Mentioned in SAL (#wikimedia-operations) [2025-06-18T20:26:48Z] <ebernhardson@deploy1003> Started scap sync-world: Backport for [[gerrit:838270|cirrus: Add services for read operations (T143553)]]

Mentioned in SAL (#wikimedia-operations) [2025-06-18T20:29:07Z] <ebernhardson@deploy1003> ebernhardson: Backport for [[gerrit:838270|cirrus: Add services for read operations (T143553)]] synced to the testservers (see https://wikitech.wikimedia.org/wiki/Mwdebug). Changes can now be verified there.

Mentioned in SAL (#wikimedia-operations) [2025-06-18T20:37:59Z] <ebernhardson@deploy1003> Finished scap sync-world: Backport for [[gerrit:838270|cirrus: Add services for read operations (T143553)]] (duration: 11m 11s)

Change #838271 merged by jenkins-bot:

[operations/mediawiki-config@master] Use discovery dns for elasticsearch read traffic

https://gerrit.wikimedia.org/r/838271

Mentioned in SAL (#wikimedia-operations) [2025-06-18T20:54:38Z] <ebernhardson@deploy1003> Started scap sync-world: Backport for [[gerrit:838271|Use discovery dns for elasticsearch read traffic (T143553)]]

Mentioned in SAL (#wikimedia-operations) [2025-06-18T20:56:52Z] <ebernhardson@deploy1003> ebernhardson: Backport for [[gerrit:838271|Use discovery dns for elasticsearch read traffic (T143553)]] synced to the testservers (see https://wikitech.wikimedia.org/wiki/Mwdebug). Changes can now be verified there.

Mentioned in SAL (#wikimedia-operations) [2025-06-18T21:04:52Z] <ebernhardson@deploy1003> Finished scap sync-world: Backport for [[gerrit:838271|Use discovery dns for elasticsearch read traffic (T143553)]] (duration: 10m 14s)

This is mostly done, read traffic is all flowing through the dns-disc endpoints. Traffic can now move with the same tooling as everything else. Not quite done yet, as T397377 was opened for a change we noticed in the dashboards.

We should make a test of moving traffic.
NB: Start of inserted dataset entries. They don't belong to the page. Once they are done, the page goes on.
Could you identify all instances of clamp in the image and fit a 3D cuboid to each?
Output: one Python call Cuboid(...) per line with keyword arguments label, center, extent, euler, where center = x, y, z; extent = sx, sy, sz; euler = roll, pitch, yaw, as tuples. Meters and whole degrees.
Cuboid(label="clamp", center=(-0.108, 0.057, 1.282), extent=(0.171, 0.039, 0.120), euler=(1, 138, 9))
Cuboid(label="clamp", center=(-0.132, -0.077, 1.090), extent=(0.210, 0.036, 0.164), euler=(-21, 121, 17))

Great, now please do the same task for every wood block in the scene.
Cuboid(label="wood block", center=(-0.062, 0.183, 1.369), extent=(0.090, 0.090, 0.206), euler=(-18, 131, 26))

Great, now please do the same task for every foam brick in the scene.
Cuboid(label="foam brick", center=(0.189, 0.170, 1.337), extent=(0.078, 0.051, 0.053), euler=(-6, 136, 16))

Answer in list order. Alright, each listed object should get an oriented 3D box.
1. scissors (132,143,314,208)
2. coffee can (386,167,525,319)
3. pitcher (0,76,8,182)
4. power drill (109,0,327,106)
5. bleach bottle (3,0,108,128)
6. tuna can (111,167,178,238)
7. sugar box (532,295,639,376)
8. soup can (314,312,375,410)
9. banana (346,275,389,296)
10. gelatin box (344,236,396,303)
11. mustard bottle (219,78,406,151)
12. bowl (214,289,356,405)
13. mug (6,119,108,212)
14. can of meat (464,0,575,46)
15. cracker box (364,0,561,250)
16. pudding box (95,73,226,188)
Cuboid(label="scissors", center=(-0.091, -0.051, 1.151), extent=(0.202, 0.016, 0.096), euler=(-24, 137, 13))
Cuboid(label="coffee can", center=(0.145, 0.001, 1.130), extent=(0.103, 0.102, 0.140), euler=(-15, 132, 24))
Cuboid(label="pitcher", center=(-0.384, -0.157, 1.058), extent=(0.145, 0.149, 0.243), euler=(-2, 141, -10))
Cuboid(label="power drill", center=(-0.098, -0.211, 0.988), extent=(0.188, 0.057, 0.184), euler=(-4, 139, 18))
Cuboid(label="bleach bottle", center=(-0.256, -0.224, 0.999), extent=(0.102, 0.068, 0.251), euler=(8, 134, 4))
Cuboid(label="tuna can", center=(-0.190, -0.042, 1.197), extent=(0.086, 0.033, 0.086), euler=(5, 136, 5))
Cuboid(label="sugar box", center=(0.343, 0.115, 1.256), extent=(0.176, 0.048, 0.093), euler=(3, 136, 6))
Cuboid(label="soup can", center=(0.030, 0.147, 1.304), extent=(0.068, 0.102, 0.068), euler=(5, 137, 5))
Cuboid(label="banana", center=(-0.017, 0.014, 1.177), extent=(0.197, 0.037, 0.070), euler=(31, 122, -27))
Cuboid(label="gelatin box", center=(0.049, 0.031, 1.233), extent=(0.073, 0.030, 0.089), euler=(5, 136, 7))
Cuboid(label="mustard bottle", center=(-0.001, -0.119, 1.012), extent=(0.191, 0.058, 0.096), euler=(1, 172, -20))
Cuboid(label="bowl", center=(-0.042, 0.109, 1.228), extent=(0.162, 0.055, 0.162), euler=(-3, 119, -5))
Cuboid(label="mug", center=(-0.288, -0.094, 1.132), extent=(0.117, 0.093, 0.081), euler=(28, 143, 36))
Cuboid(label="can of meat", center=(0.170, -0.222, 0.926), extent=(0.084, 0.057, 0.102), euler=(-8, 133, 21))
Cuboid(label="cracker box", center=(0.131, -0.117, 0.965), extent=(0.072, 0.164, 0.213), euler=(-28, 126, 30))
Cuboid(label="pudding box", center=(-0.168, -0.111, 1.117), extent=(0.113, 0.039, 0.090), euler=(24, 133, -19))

This should be a simple conftool command, which needs SRE super power.

In theory we should be able to depool codfw like so, causing all traffic to move to eqiad (from https://wikitech.wikimedia.org/wiki/DNS/Discovery):

for cluster in search-omega search-psi search; do
  sudo confctl --object-type discovery select "dnsdisc=${cluster},name=codfw" set/pooled=false
done

This can then be reversed with:

for cluster in search-omega search-psi search; do
  sudo confctl --object-type discovery select "dnsdisc=${cluster},name=codfw" set/pooled=true
done

Traffic test complete, moved as expected. Commands have been documented at https://wikitech.wikimedia.org/wiki/Search/Elasticsearch_Administration#Multi-DC_%2F_Multi-Cluster_Operations

Dashboard updates still need to be performed, but there is a separate ticket for that.